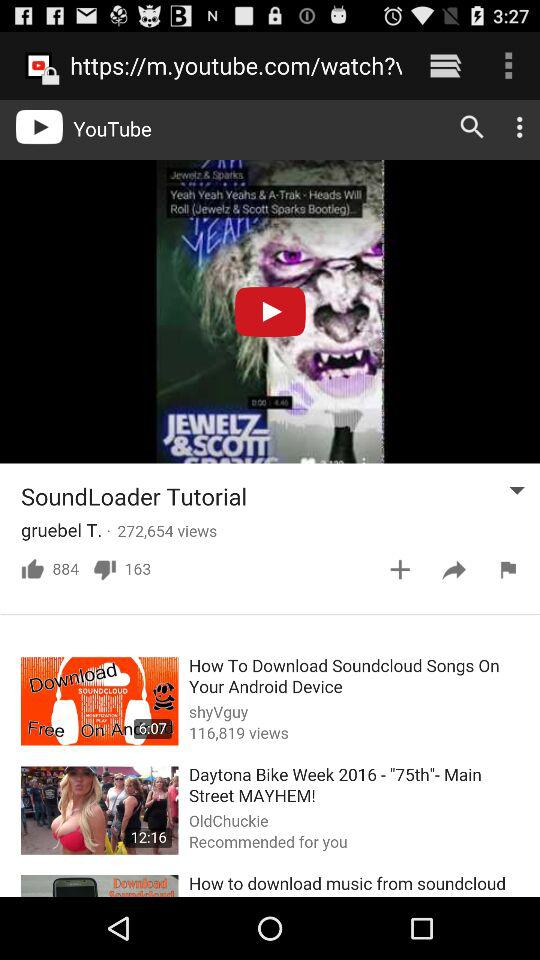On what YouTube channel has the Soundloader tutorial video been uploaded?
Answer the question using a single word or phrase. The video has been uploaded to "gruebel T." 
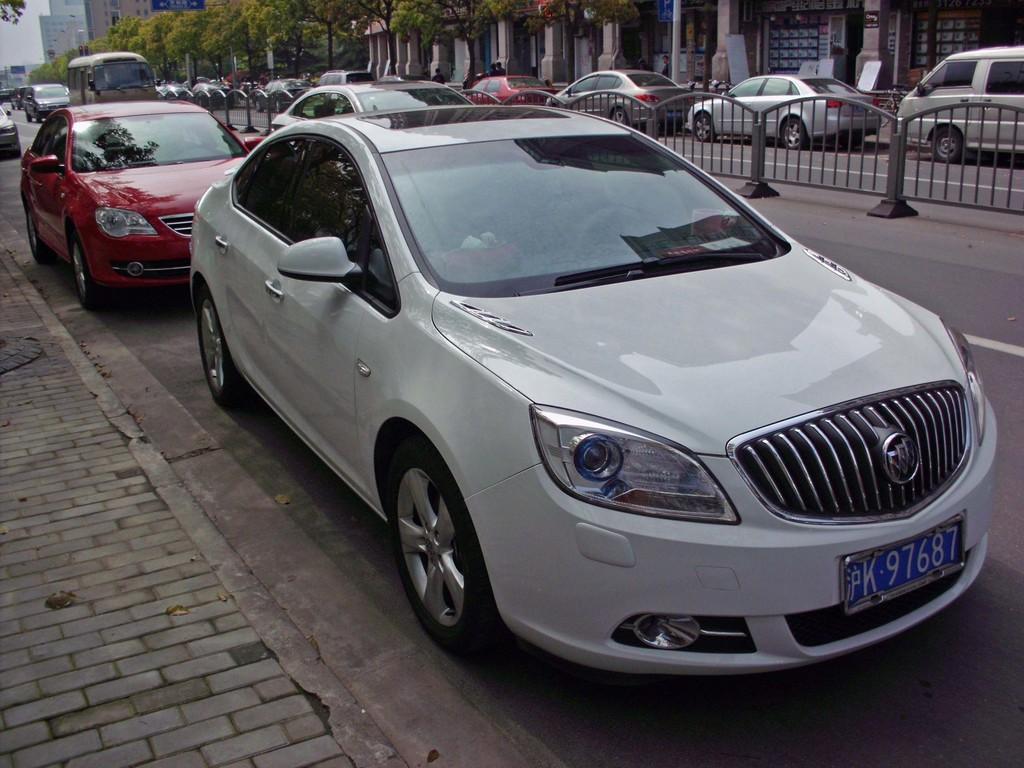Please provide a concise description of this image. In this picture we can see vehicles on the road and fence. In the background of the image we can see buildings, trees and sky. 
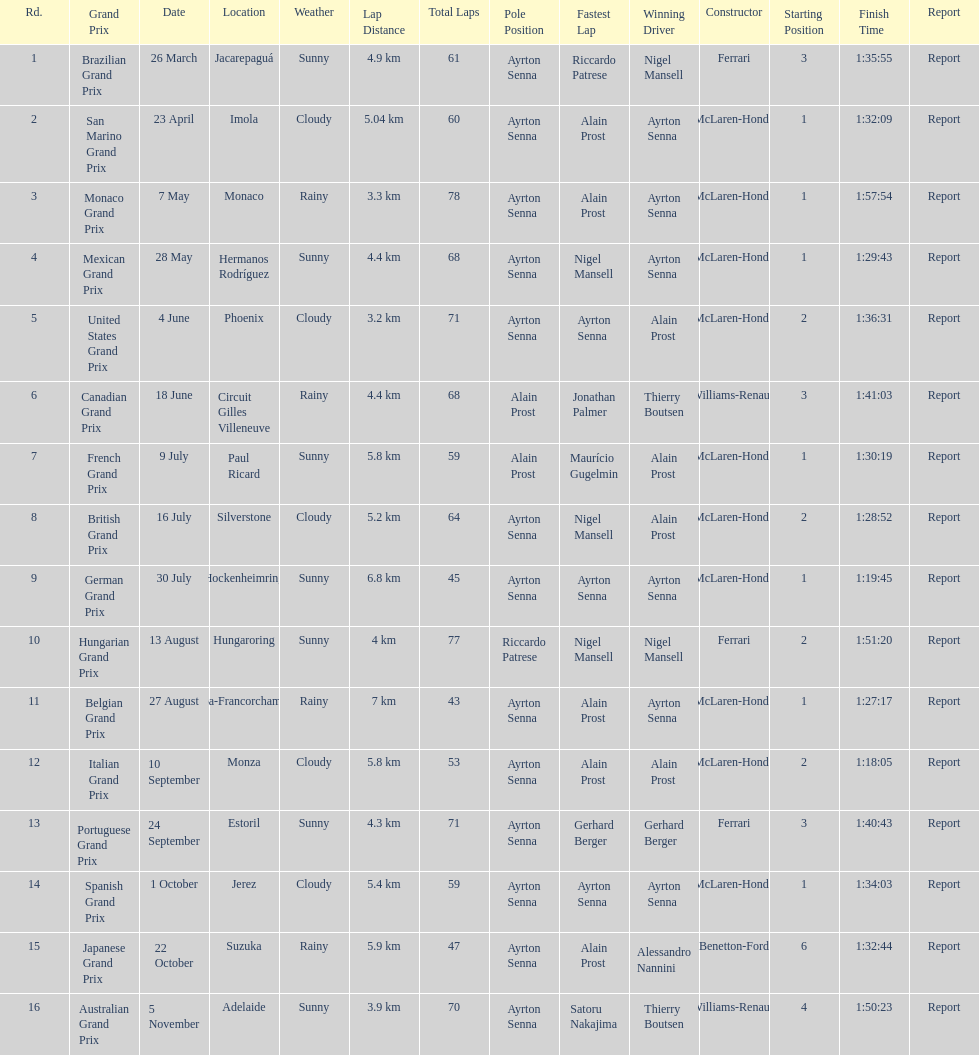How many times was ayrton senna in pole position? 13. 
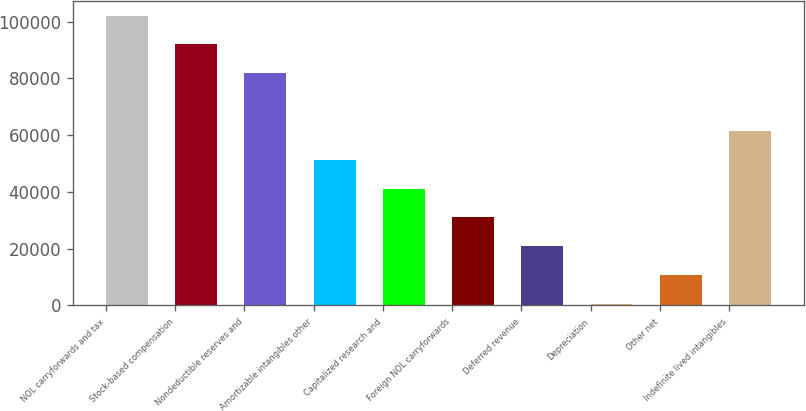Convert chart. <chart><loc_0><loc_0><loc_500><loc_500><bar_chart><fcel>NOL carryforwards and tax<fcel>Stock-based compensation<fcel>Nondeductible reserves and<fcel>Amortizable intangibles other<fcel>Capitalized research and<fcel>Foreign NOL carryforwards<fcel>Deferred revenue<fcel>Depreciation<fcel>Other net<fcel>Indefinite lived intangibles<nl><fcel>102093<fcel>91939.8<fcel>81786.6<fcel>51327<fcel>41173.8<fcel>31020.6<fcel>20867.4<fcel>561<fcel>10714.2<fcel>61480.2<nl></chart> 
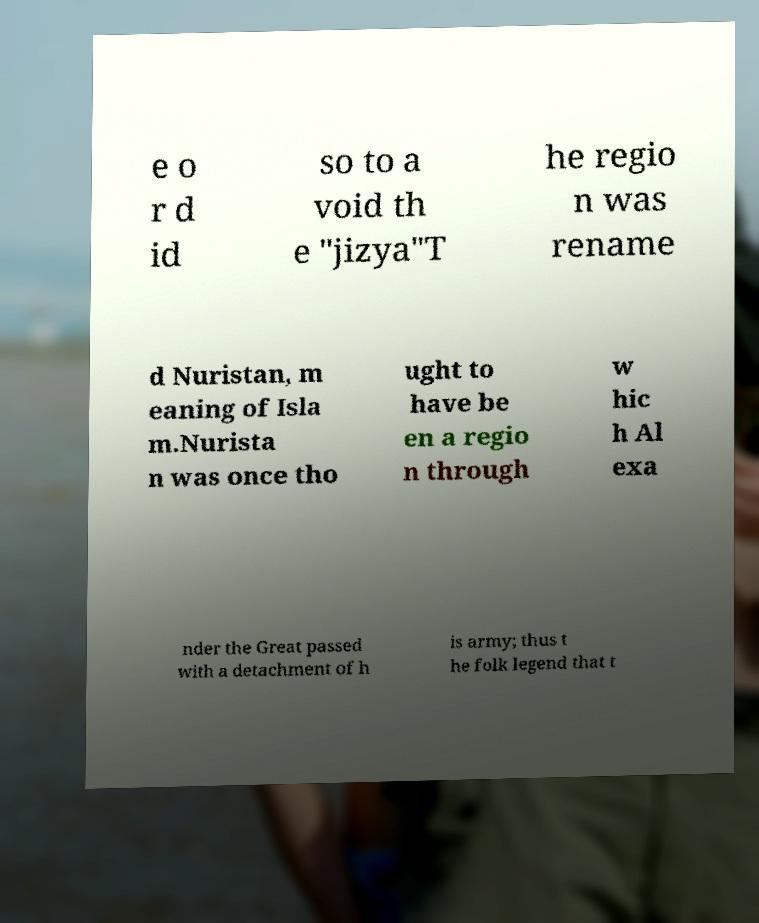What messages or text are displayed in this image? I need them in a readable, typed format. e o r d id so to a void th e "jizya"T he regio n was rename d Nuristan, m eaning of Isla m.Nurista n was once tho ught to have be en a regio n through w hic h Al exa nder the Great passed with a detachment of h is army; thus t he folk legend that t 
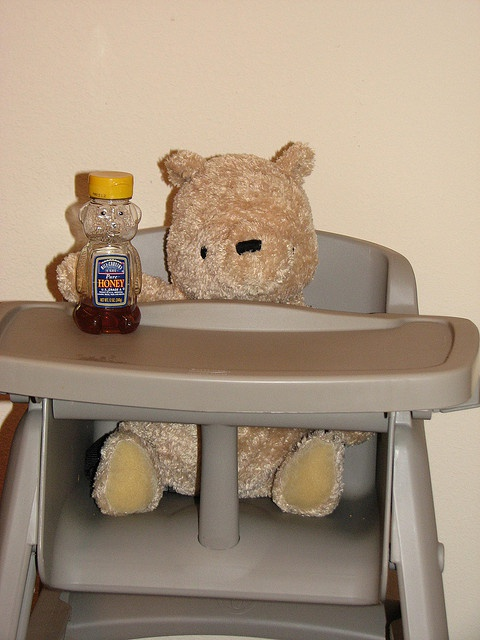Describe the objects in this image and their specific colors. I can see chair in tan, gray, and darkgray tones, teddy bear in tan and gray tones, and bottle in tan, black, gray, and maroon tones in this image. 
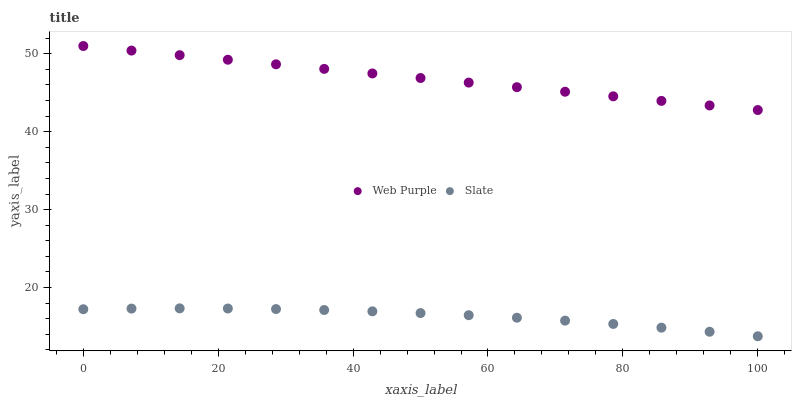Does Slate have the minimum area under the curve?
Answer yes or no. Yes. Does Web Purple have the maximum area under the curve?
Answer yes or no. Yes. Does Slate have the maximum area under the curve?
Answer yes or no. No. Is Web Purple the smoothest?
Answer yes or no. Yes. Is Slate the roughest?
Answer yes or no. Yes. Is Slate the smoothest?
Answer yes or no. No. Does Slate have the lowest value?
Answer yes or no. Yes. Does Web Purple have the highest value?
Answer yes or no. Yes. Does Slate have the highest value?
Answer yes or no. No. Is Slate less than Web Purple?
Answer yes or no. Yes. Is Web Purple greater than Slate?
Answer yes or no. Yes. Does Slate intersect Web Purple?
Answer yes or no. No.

▬▬▬▬▬▬▬▬▬▬

Your task
The lines wanted run from the one with "Describe the objects" through the final line of the data; repeat them word for word and skip every picture.

Task answer
Describe the objects in this image and their specific colors. I can see chair in tan, gray, and darkgray tones, teddy bear in tan and gray tones, and bottle in tan, black, gray, and maroon tones in this image. 
Does Slate have the minimum area under the curve?
Answer yes or no. Yes. Does Web Purple have the maximum area under the curve?
Answer yes or no. Yes. Does Slate have the maximum area under the curve?
Answer yes or no. No. Is Web Purple the smoothest?
Answer yes or no. Yes. Is Slate the roughest?
Answer yes or no. Yes. Is Slate the smoothest?
Answer yes or no. No. Does Slate have the lowest value?
Answer yes or no. Yes. Does Web Purple have the highest value?
Answer yes or no. Yes. Does Slate have the highest value?
Answer yes or no. No. Is Slate less than Web Purple?
Answer yes or no. Yes. Is Web Purple greater than Slate?
Answer yes or no. Yes. Does Slate intersect Web Purple?
Answer yes or no. No.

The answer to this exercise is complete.